O estado atrai sociopatas

Por Hans F. Sennholz

Calígula
No estudo de sistemas complexos e dinâmicos — a chamada 'ciência do caos' —, "atratores" são princípios operacionais ao redor dos quais a turbulência e o caos aparente são harmonizados.  Aquilo que as nossas simples experiências passadas descarta como sendo aleatoriedade e desordem, o estudo do caos e da complexidade revela como sendo padrões profundos de regularidade.

Atratores ajudam a identificar a dinâmica por meio da qual sistemas complexos se organizam autonomamente.  Assim sendo, pode-se dizer que uma falha geológica serve como um atrator para forças geológicas em placas tectônicas, assim como redes de drenagem são atratores para um curso d'água exercer contínuas relações com as forças da gravidade.  Em um nível social, um leilão de bens antigos pode ser visto como um atrator para colecionadores de antiguidades; aterros sanitários, como atratores para coisas abandonadas; e hospitais, como atratores para doenças.  Na economia de mercado, o sistema de preços é um atrator para compradores e vendedores que querem transacionar suas propriedades.

O estudo do caos nos ajuda a entender por que todos os sistemas políticos produzem rupturas e são divisivos e destruidores do processo social.  Por meio desta nova ciência, estamos descobrindo — ao contrário das arrogantes suposições de Platão — que sistemas complexos produzem comportamentos que são, ao mesmo tempo, determinados e imprevisíveis.
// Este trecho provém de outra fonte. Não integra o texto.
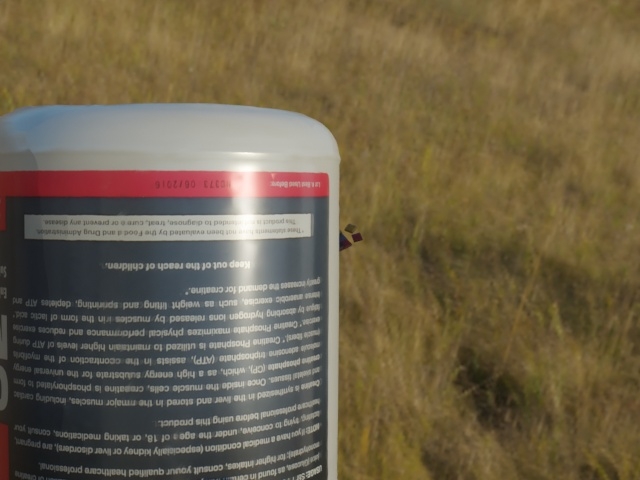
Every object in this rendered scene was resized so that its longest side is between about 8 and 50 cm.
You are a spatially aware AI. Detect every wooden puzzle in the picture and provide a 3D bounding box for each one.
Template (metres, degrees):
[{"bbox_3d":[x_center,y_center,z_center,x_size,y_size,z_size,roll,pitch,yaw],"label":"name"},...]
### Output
[{"bbox_3d":[0.000,0.000,1.069,0.083,0.006,0.049,-27,47,-17],"label":"wooden puzzle"}]

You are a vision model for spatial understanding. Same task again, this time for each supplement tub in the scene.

Se deixado à mercê das forças que operam sobre ele, um sistema complexo irá espontaneamente gerar consequências implícitas — embora imprevisíveis — dentro dele.

Mas sabemos que muitas pessoas não gostam de um mundo que seja imprevisível e indiferente aos seus interesses particulares.  É por isso que um empreendedor poderoso que seja incapaz de disputar clientes com seus concorrentes em um livre mercado irá fazer de tudo para perturbar essa ordem, uma vez ela não atende aos seus caprichos.  Ele pode começar tentando fazer acordos voluntários com seus concorrentes com o intuito de reduzir o ritmo no qual eles buscam seus respectivos interesses.  Porém, como essa estratégia raramente dá certo e rapidamente gera insatisfação nos membros desta indústria, esse empreendedor e vários de seus concorrentes irão recorrer ao estado para conseguir, por meio da força, resultados que eles não tiveram a competência de alcançar no livre mercado.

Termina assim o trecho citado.